> **TASK DESCRIPTION**: Using the records below, copy every line that holds the string "Omschrijving".

> **SUPPLIED RECORDS**:
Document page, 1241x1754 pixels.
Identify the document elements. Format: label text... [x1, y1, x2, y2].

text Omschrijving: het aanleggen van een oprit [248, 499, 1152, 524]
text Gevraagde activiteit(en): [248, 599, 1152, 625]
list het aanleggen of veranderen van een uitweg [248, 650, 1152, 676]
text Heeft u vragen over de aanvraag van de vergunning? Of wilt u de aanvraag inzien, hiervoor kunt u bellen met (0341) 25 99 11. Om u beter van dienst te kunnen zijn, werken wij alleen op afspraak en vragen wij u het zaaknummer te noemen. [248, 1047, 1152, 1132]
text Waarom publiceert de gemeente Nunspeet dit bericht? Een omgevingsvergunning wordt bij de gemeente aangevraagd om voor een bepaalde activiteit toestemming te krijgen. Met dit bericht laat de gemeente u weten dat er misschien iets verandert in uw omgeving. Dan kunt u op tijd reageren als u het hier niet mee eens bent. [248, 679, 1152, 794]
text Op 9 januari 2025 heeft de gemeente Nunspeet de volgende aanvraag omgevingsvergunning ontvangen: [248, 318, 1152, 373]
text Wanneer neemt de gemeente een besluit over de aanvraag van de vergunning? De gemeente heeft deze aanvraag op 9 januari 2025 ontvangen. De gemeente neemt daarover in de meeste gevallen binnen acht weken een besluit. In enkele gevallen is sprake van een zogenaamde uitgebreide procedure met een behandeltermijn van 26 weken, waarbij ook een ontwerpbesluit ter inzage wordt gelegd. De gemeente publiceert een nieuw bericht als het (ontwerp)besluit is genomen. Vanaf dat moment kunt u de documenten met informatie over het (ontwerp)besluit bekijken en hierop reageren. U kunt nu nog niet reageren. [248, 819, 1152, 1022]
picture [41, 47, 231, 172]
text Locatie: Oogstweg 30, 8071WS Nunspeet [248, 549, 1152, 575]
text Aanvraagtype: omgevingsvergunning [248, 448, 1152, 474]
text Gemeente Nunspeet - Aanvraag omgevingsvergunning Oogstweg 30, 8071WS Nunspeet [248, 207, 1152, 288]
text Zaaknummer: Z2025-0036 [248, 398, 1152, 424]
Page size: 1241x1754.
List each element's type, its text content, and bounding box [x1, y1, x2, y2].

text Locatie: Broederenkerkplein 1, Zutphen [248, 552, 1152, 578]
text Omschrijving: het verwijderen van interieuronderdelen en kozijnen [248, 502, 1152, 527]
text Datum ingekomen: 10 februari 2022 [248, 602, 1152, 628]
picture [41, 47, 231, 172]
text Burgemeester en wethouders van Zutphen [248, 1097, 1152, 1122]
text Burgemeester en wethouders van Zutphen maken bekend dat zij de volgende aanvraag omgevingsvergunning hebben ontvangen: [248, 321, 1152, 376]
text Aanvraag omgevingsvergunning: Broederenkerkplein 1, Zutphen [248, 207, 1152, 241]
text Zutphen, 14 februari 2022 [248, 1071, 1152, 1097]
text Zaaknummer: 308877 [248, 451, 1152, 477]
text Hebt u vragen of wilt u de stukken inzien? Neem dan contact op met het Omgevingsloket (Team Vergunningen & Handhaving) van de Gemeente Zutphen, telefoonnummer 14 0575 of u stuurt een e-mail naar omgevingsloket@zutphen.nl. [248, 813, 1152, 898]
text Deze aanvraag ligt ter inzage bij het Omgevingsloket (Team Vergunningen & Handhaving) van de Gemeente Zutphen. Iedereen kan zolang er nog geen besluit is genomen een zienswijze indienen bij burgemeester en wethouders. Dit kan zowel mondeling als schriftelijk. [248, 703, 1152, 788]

> **EXPECTED OUTPUT**:
text Omschrijving: het aanleggen van een oprit [248, 499, 1152, 524]
text Omschrijving: het verwijderen van interieuronderdelen en kozijnen [248, 502, 1152, 527]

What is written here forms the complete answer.